- _YOUR GOAL_
Your task is to write out the entire listing exactly, omitting its pictures.

- _MATERIAL FOR THE TASK_
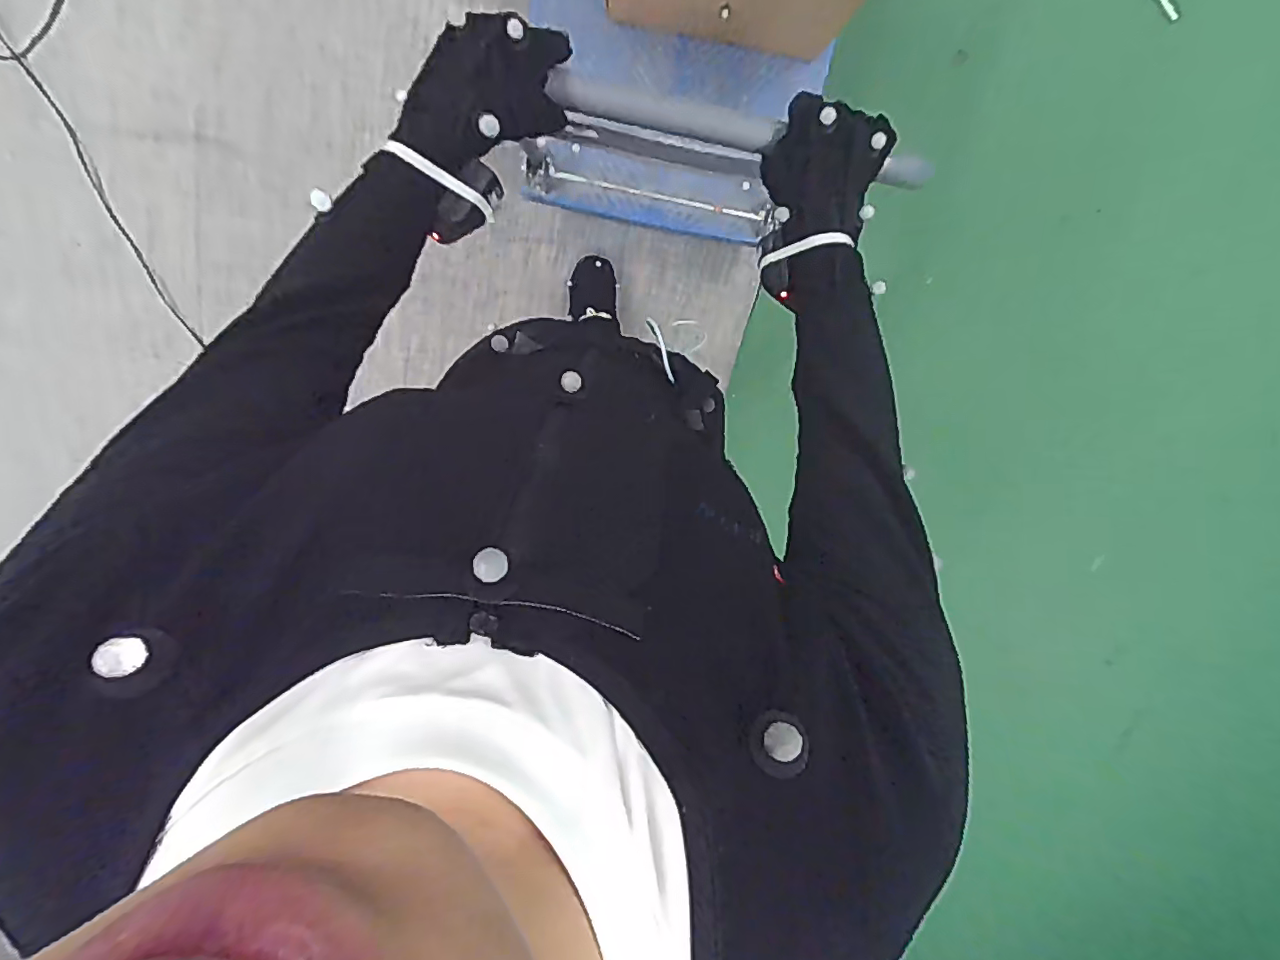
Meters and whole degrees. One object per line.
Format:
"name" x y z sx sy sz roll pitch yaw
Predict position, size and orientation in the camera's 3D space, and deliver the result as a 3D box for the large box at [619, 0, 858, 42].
"large box" 0.176 -0.942 0.835 0.408 0.320 0.320 7 110 -3
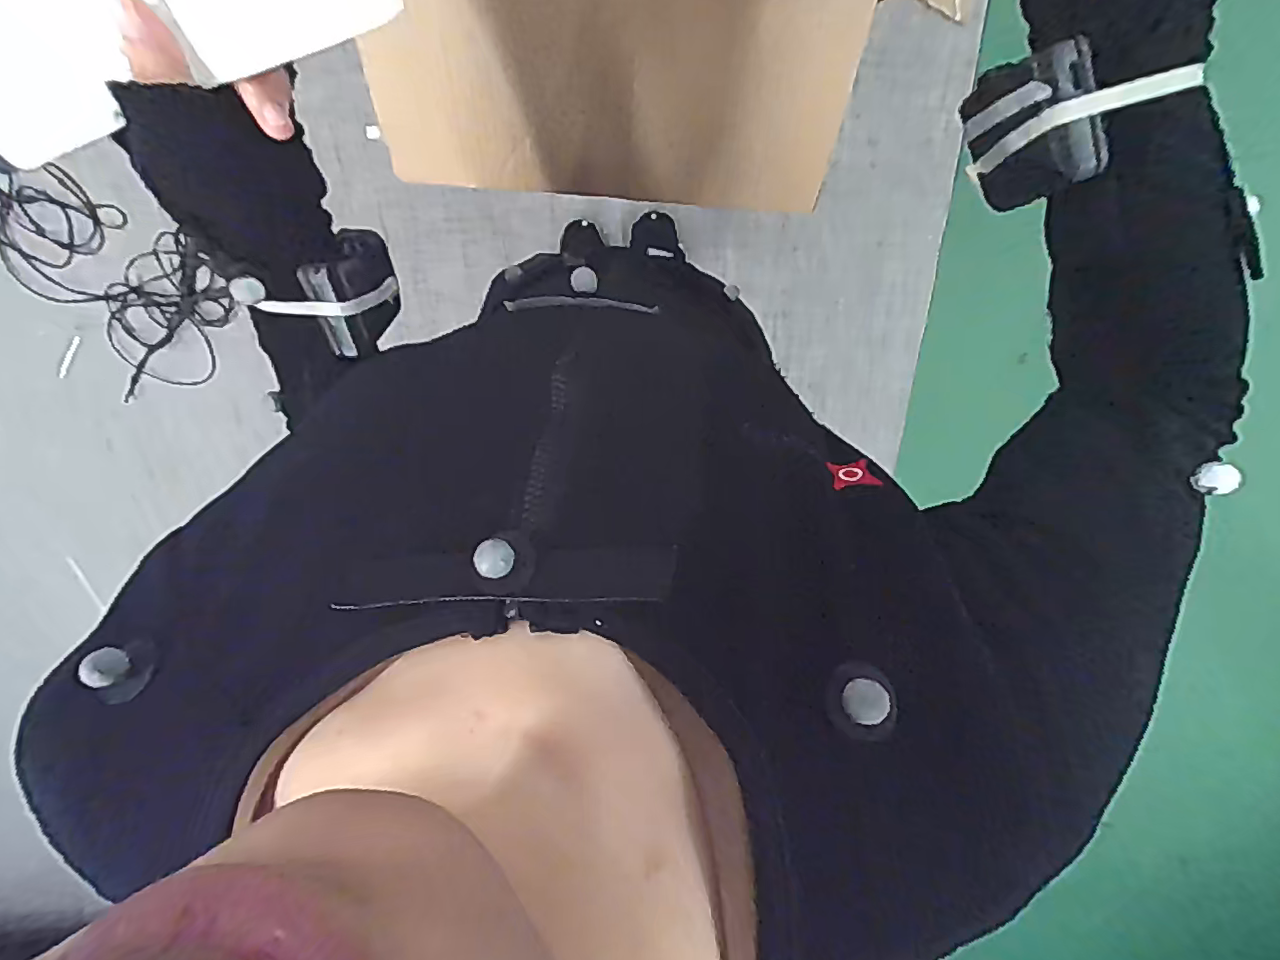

- _EXPECTED ANSWER_
Meters and whole degrees. One object per line.
Format:
"name" x y z sx sy sz roll pitch yaw
Predict position, size and orientation in the camera's 3D space, and deliver the result as a 3D box for the large box at [619, 0, 858, 42].
"large box" 0.176 -0.942 0.835 0.408 0.320 0.320 7 110 -3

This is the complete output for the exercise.